Exercise input:
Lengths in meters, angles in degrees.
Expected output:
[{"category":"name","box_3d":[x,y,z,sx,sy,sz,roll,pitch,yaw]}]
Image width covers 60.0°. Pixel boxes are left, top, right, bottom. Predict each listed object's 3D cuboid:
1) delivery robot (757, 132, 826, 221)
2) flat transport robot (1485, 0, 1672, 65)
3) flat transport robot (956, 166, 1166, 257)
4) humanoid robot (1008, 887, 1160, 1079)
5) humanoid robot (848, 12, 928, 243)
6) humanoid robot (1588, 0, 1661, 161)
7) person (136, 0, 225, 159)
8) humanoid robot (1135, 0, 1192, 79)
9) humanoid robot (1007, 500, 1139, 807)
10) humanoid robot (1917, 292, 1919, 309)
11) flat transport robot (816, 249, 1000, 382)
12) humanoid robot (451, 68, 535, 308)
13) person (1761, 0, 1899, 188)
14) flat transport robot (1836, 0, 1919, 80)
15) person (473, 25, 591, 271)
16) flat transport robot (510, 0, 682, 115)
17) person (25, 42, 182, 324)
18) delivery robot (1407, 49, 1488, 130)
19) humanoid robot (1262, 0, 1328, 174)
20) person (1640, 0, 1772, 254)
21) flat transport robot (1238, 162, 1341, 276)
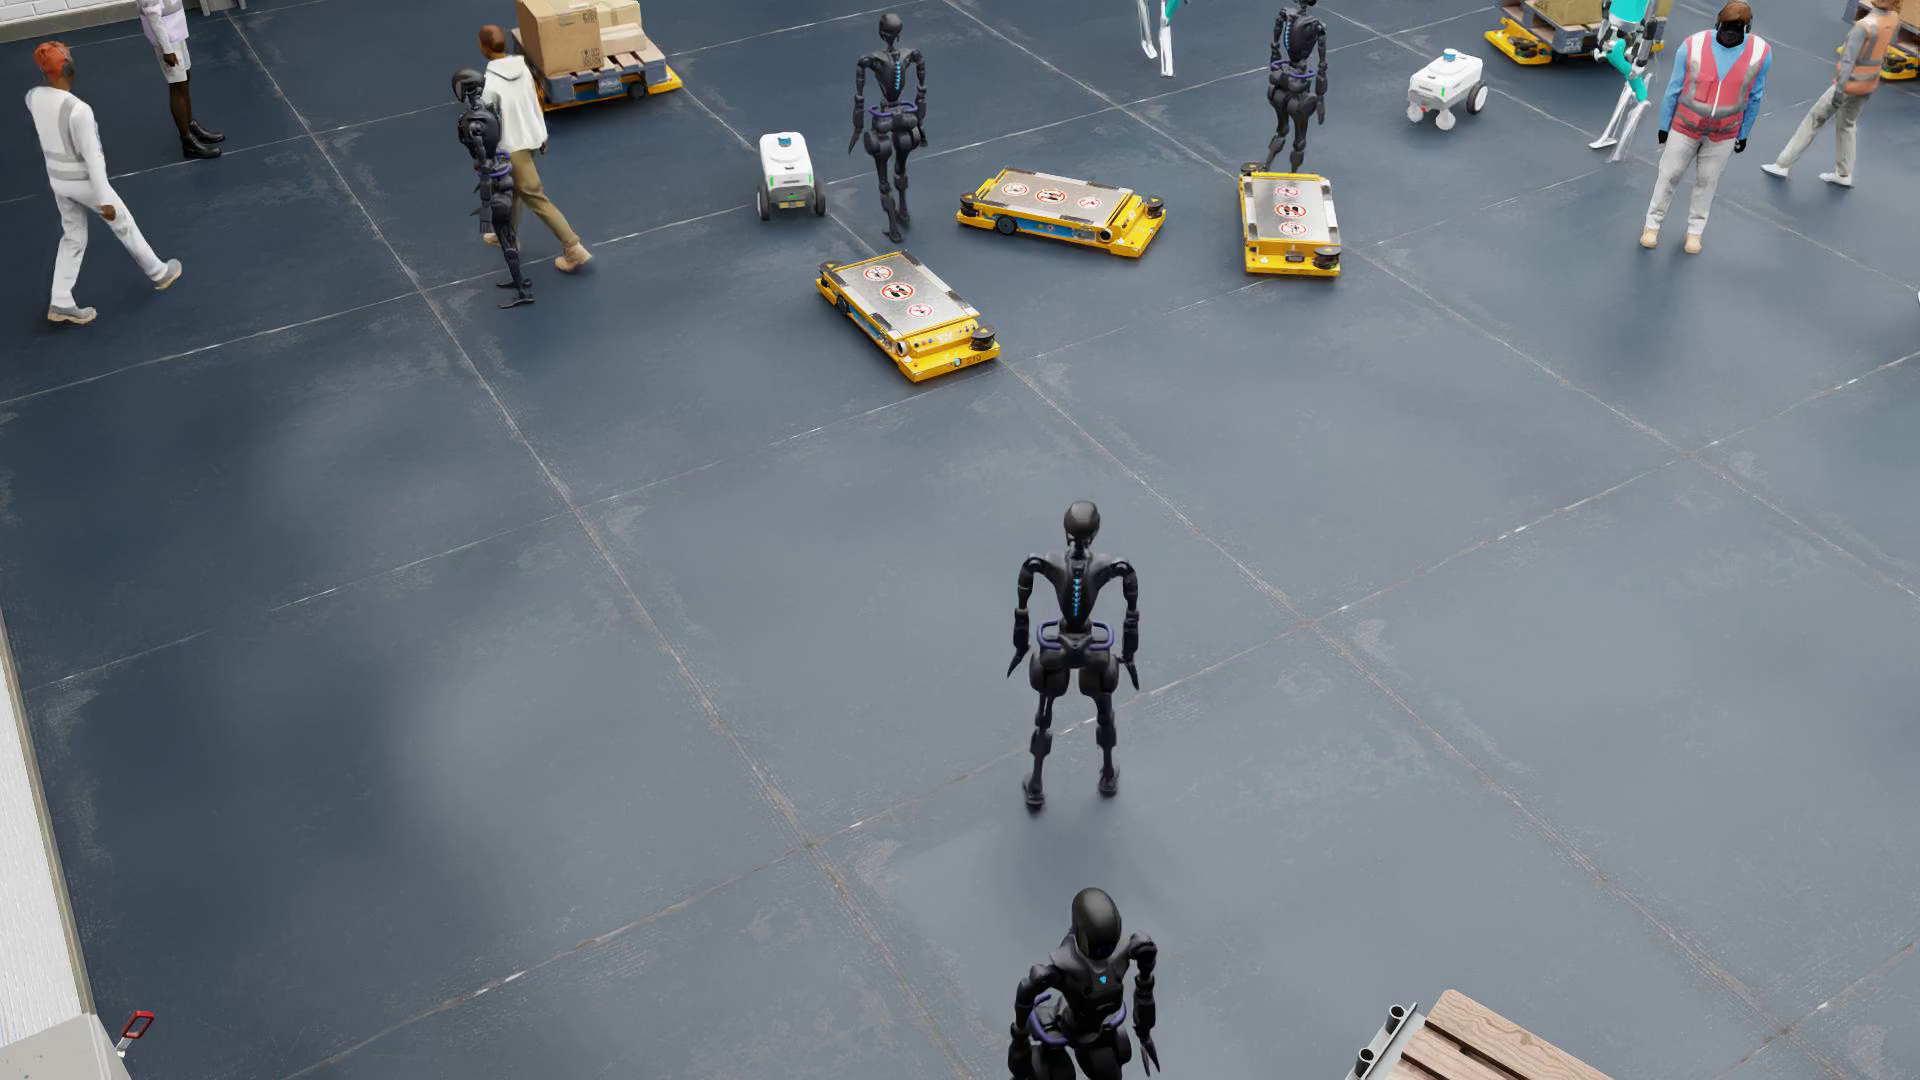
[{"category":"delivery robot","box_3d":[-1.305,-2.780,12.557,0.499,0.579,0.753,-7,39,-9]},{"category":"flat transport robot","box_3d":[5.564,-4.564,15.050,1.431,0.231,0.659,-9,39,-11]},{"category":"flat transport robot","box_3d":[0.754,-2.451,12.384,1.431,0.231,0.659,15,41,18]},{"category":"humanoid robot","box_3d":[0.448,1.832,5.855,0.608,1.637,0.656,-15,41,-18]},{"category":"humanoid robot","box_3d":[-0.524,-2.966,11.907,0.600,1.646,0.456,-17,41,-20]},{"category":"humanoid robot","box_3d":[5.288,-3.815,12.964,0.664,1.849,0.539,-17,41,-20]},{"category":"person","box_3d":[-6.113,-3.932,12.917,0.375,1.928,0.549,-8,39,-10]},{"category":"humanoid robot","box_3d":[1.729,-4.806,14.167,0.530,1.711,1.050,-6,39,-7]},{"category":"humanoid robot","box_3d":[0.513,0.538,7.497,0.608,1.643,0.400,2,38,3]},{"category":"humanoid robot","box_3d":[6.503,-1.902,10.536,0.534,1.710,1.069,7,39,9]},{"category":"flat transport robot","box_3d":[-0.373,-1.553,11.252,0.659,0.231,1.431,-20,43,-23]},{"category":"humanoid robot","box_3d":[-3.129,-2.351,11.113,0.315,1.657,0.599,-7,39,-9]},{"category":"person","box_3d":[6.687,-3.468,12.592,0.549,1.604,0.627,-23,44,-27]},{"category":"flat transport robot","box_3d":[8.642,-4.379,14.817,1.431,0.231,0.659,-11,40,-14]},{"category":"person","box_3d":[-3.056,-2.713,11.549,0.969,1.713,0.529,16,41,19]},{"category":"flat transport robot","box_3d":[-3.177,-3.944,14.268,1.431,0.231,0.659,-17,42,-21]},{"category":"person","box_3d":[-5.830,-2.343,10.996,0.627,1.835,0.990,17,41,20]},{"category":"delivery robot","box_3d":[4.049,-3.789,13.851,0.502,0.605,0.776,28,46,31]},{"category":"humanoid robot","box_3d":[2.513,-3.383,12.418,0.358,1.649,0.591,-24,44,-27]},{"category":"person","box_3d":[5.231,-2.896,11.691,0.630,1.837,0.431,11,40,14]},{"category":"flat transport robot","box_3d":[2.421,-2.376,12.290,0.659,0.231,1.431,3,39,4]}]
---
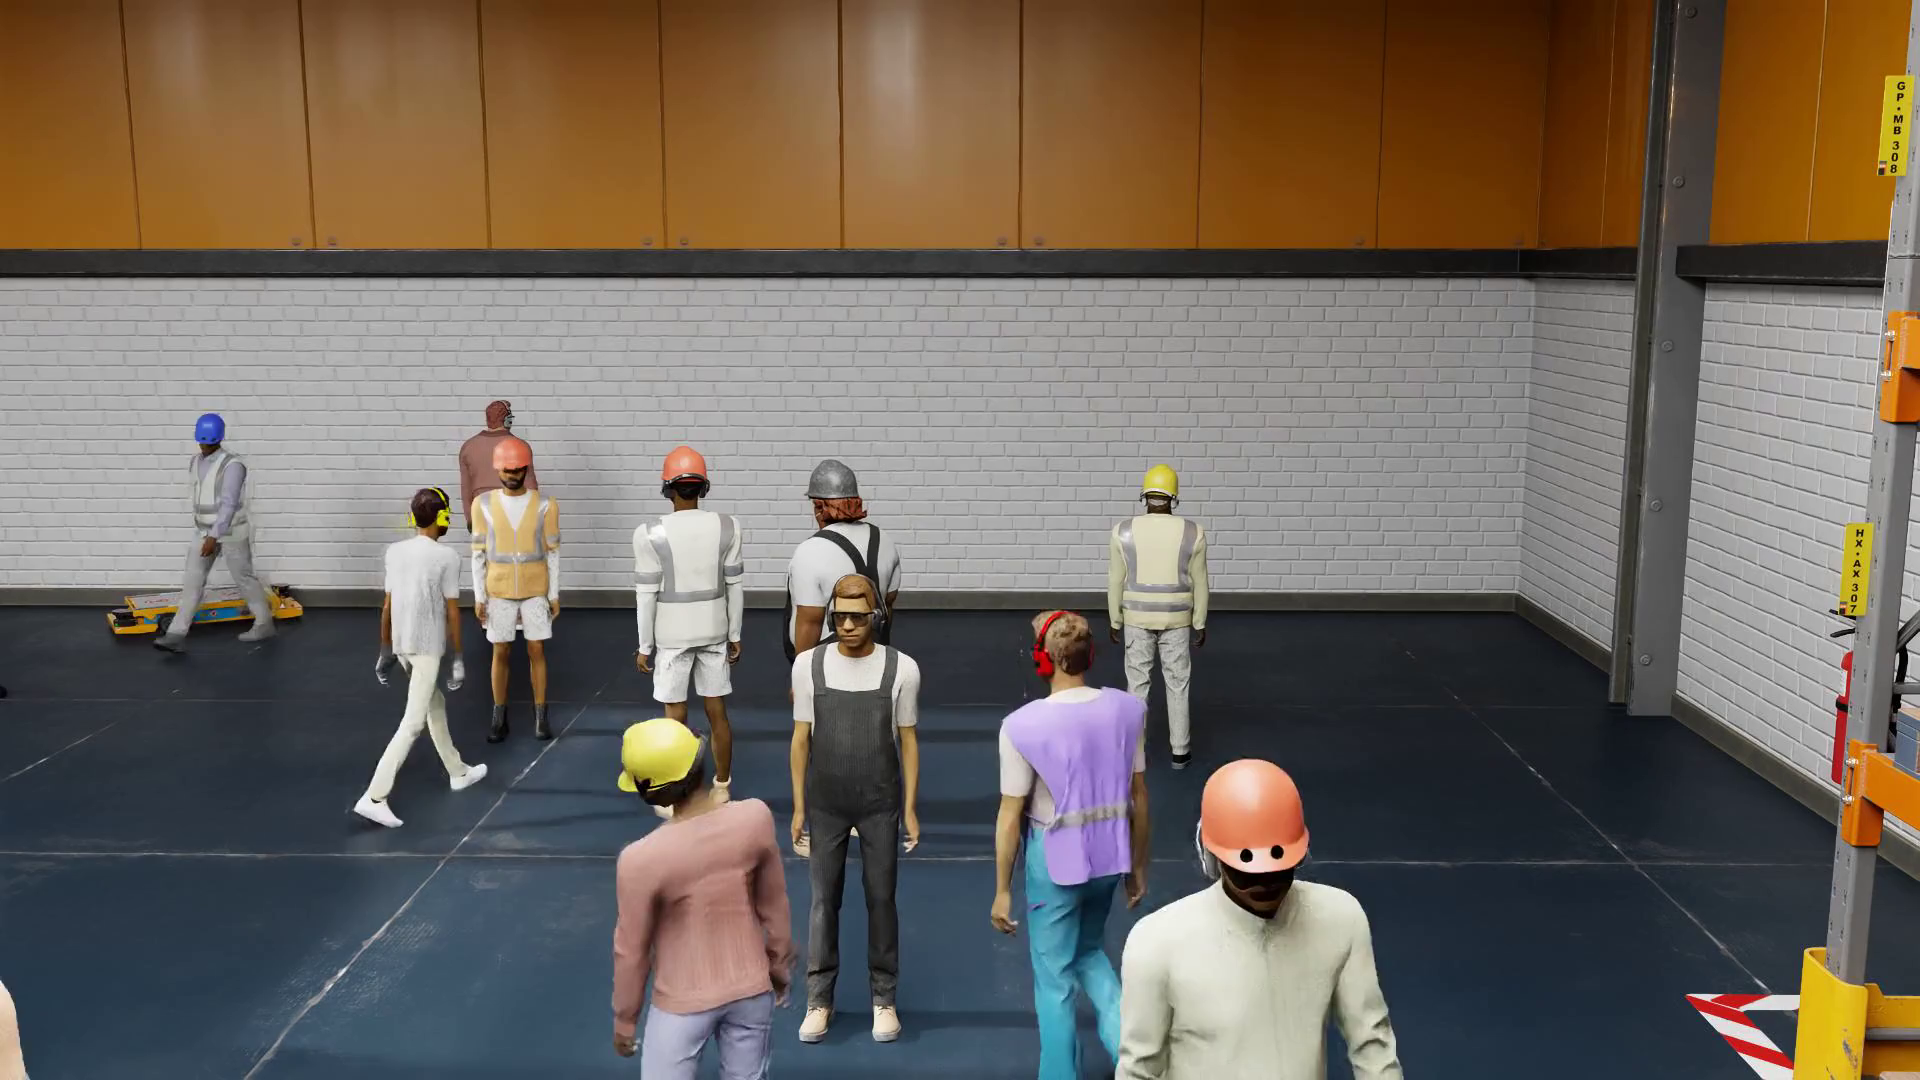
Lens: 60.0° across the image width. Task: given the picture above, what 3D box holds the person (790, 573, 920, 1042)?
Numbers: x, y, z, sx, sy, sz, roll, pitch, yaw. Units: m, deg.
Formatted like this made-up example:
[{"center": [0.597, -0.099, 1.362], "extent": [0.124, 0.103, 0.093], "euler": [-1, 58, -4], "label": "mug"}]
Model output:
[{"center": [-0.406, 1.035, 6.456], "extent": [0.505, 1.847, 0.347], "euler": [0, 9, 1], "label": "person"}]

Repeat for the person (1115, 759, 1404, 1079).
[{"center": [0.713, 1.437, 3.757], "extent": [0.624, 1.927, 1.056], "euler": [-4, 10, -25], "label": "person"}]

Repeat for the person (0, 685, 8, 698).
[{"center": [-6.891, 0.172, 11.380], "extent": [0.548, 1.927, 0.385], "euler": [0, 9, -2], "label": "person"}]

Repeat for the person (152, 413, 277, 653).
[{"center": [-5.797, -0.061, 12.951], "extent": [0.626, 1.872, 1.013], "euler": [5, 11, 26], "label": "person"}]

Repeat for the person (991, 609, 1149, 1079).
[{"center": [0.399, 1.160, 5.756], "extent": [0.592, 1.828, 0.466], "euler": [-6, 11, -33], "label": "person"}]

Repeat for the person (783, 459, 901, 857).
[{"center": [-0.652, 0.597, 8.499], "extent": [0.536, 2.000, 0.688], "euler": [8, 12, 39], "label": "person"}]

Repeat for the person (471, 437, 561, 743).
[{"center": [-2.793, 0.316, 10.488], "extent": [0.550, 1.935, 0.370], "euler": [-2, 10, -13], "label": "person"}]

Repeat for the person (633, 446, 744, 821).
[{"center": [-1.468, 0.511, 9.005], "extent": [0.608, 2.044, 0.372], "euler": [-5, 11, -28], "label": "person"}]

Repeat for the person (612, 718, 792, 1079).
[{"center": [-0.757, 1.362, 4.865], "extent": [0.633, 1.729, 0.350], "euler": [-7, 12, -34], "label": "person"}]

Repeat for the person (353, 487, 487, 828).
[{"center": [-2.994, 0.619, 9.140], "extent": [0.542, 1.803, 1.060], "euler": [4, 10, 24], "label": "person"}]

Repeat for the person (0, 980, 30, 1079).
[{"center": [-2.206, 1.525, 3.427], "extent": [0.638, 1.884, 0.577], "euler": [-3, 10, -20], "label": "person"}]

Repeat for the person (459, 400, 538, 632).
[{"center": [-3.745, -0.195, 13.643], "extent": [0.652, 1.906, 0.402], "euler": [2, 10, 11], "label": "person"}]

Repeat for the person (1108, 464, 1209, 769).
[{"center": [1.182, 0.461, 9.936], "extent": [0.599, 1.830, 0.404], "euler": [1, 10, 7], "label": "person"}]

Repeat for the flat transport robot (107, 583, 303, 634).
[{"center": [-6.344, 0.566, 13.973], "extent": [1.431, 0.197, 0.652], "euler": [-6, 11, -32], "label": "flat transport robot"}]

Try it: In the listing above, find the line holding "18) delivery robot (1407, 49, 1488, 130)" and the line holding "20) person (1640, 0, 1772, 254)", then output those two lines and every line between them exactly.

Result of the task:
18) delivery robot (1407, 49, 1488, 130)
19) humanoid robot (1262, 0, 1328, 174)
20) person (1640, 0, 1772, 254)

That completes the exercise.